Méthodologiquement, nous avions indiqué lors du premier article que l’analyse littérale d’une
thématique liée au texte du Coran reposait sur une approche en trois étapes : – Quels sont les
sens des mots ? Quel est le sens des phrases impliquées ? Quel est contextuellement le sens
voulu ? Concernant notre sujet : 1– Quel est le sens du mot Houri ? 2– Quel est le sens
apparent des 4 versets concernés ? 3– Quelle signification coranique en déduire ?

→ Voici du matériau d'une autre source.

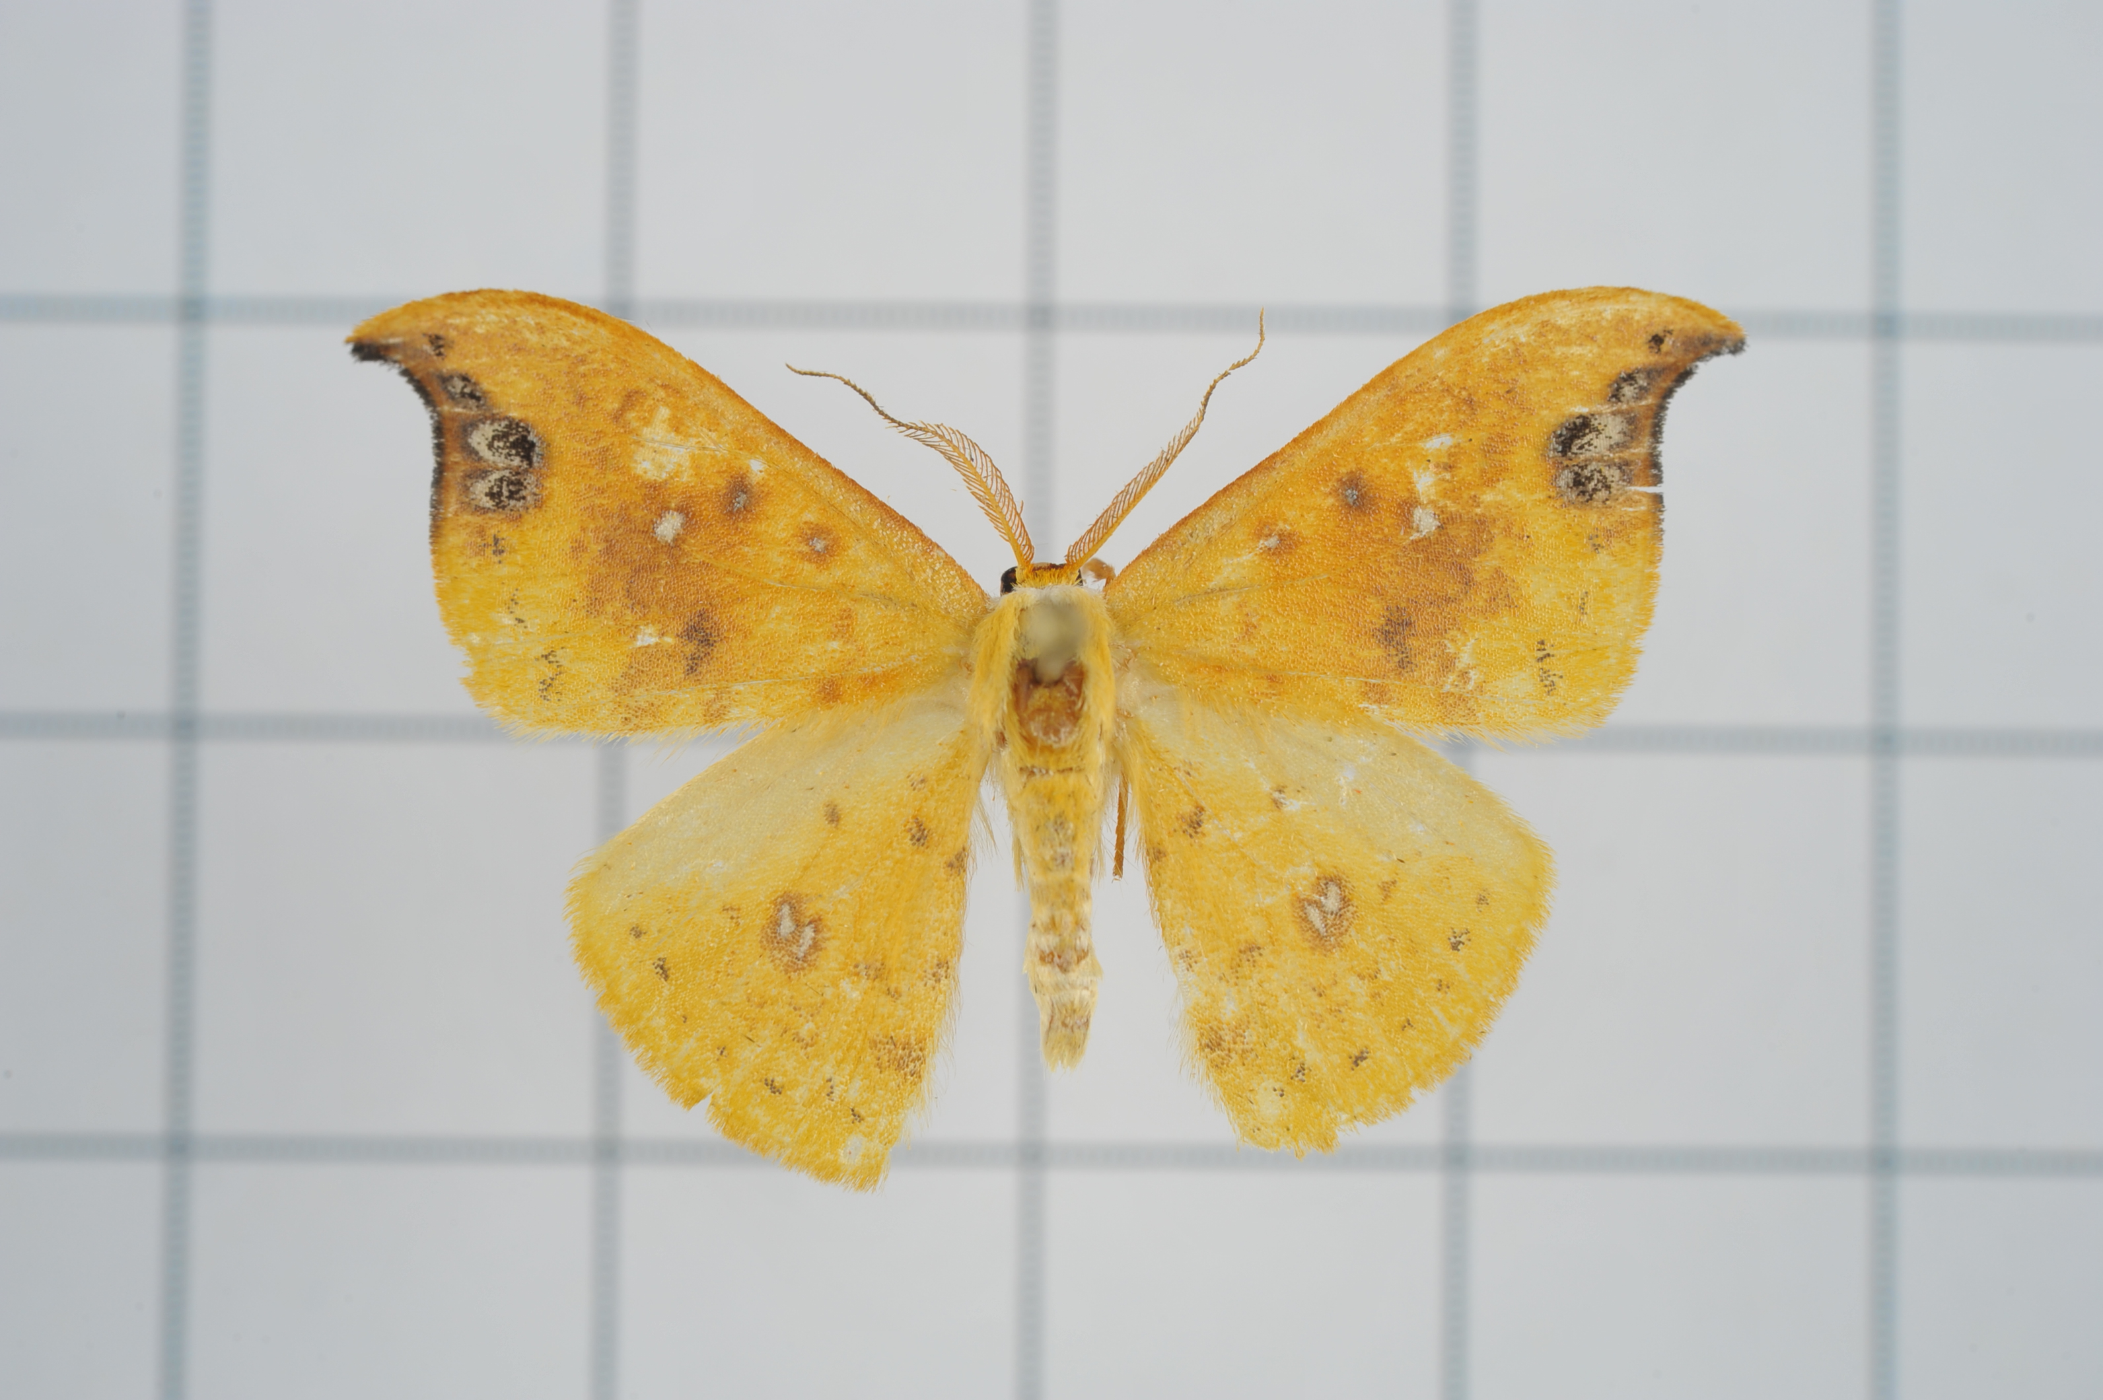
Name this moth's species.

Au volet 1, la conduite de la première étape aura permis de déterminer le sens du terme-clef «


hûri ». Nous aurons mis en évidence que cet adjectif n’était pas le nom propre de créatures
célestes promises au dépucelage éternel, mais qu’il signifiait « Pures », ainsi le syntagme
hûrun ‘în se traduit-il rigoureusement par : Pures aux yeux d’une grande beauté. Concernant
la deuxième phase, l’analyse littérale des quatre versets centraux aura montré que par le
terme-concept hûri il était fait allusion à une élite parmi les croyantes, élite dont le statut
spirituel correspond à une situation particulièrement élevée au Paradis. Conséquemment, nous
avions posé que l’existence d’une catégorie de créatures particulières mises à disposition des
hôtes du Paradis, les par trop fameuses « Houris », ne relevait que du phantasme exégétique.

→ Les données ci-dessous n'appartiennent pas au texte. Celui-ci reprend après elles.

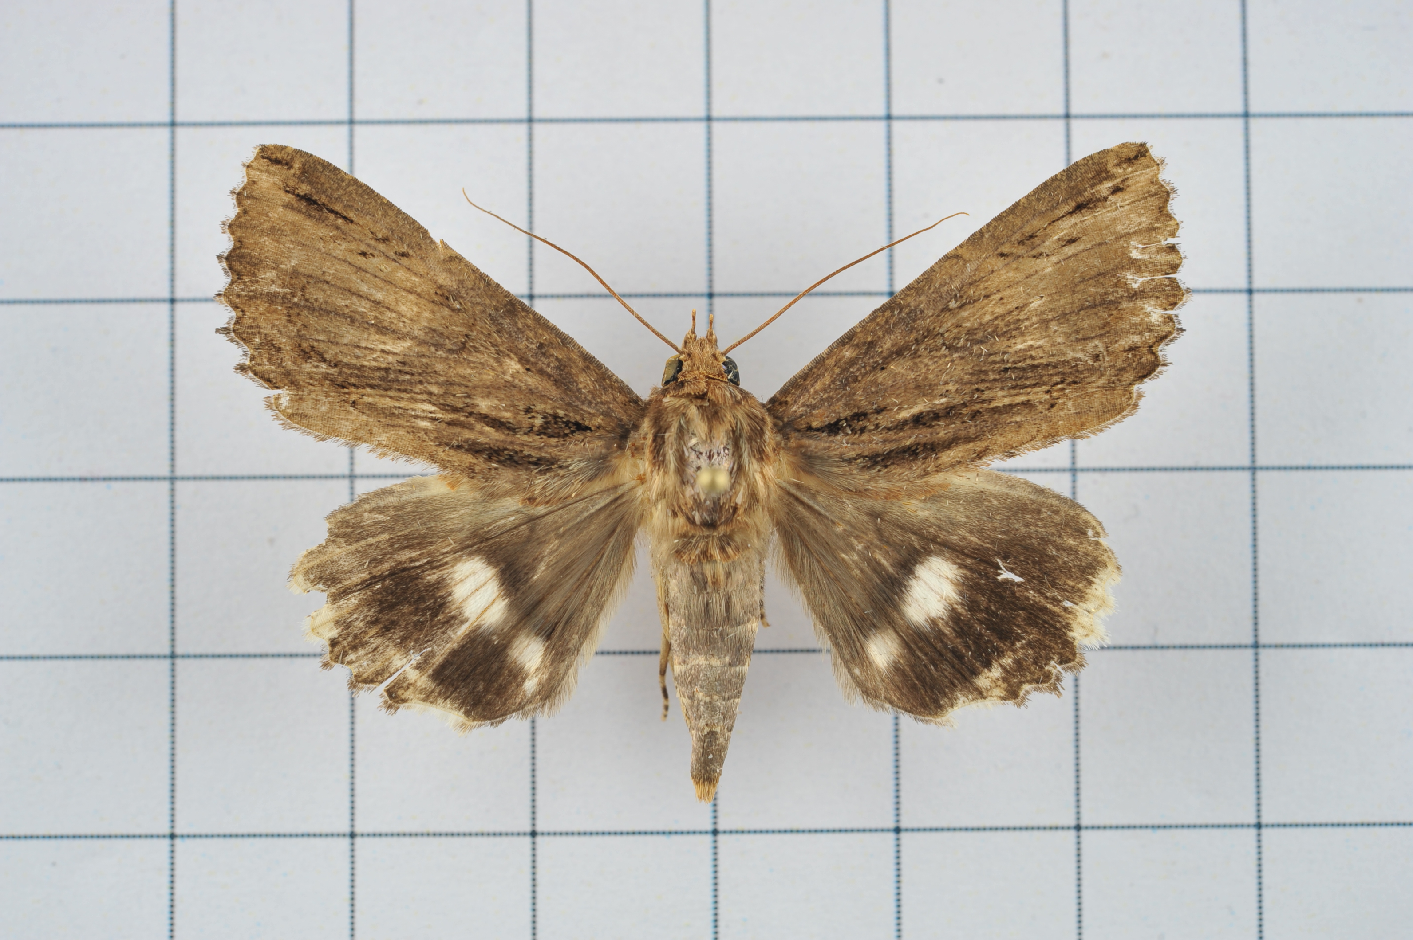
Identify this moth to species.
Ercheia cyllaria

Nous pouvons à présent aborder la dernière phase d’analyse :

3– Quelle signification coranique en déduire ?


Cette troisième et ultime étape suppose que toute herméneutique est par définition circulaire :
il faut connaître le tout pour comprendre les parties et comprendre les parties pour connaitre
le tout. Dès lors que l’analyse des versets retenus a priori en fonction de mots-clefs a fourni
du sens il est nécessaire de vérifier si cette ou ces lignes de sens sont cohérentes sur
l’ensemble du Coran. En d’autres termes, peuvent-elles être confirmées ou au contraire
infirmées ? Cette démarche amène donc à étudier le Hadith puisque ces textes censés éclairer
pour nous le sens du Coran, bien souvent s’y opposent ; de même, ils constituent
régulièrement un efficace bouclier brandi contre la raison critique.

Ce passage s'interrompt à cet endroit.